As described above, the pixel circuit of the thin film transistor liquid crystal display according to the present invention connects one of the two electrodes constituting the storage capacitor of the pixel to the pixel electrode of the pixel next to the same gate line, so as not to be a line defect, but a switching element or the like. Even when there is a defective active element, there is an effect that the defect of the pixel can be easily repaired.

Claims (3)

A plurality of gate lines, a plurality of data lines, and a plurality of pixels respectively connected to one of the gate lines and one of the data lines, the pixels being connected to one of the liquid crystal capacitors and the gate lines.
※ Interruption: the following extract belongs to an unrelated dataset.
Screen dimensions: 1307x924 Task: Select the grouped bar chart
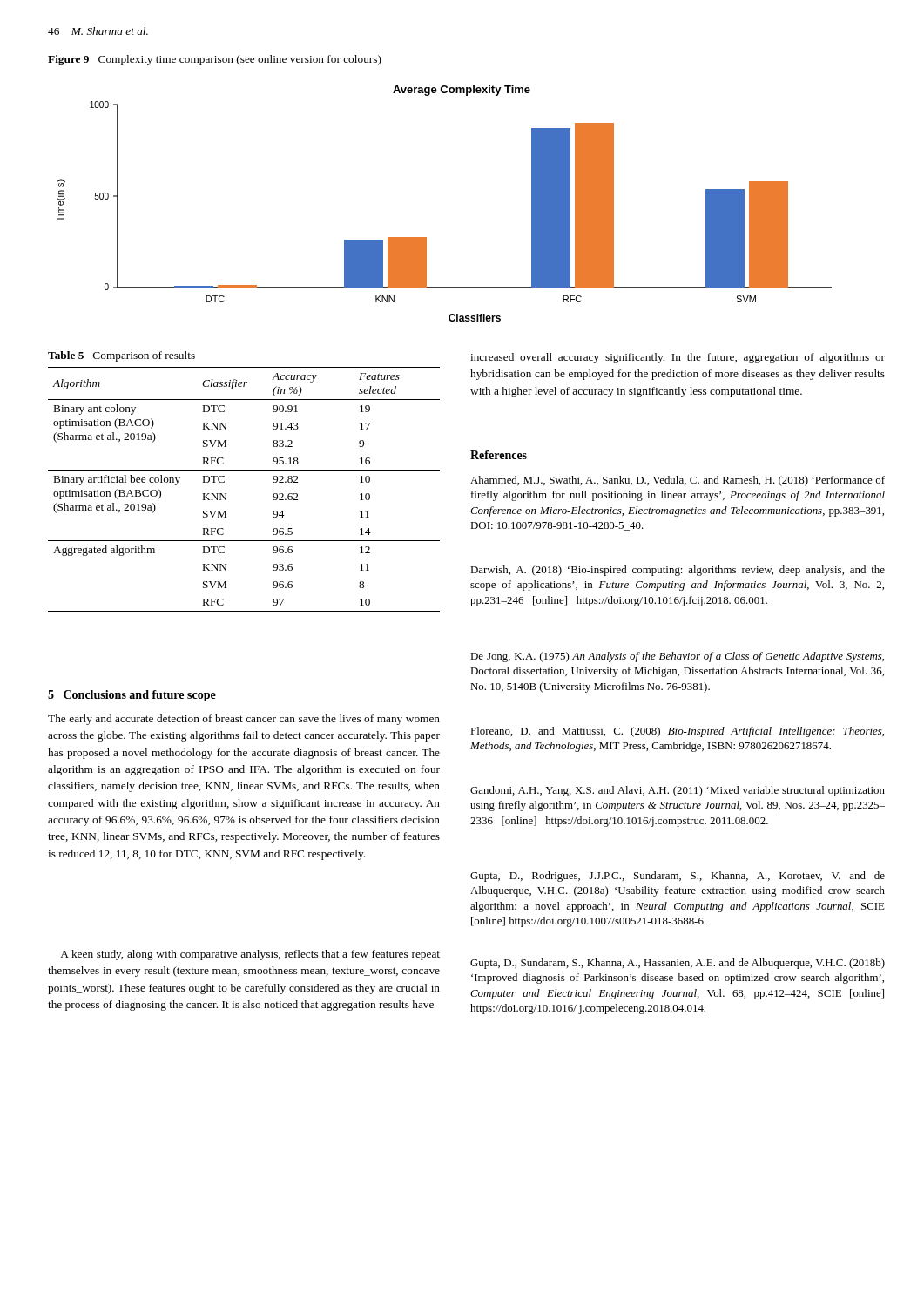click(462, 203)

Switching means including a gate electrode, a source electrode connected to one of the data lines, and a drain electrode connected to the liquid crystal capacitor, and a storage capacitor having one terminal connected to the drain electrode of the switching means. And the other terminal of the storage capacitor is connected to the drain electrode of the switching means of the adjacent pixel. The pixel circuit of claim 1, further comprising a storage capacitor connected to a drain electrode of the switching means and the other terminal to another adjacent pixel. 3. A pixel circuit according to claim 1 or 2, wherein said switching means comprises a field effect transistor.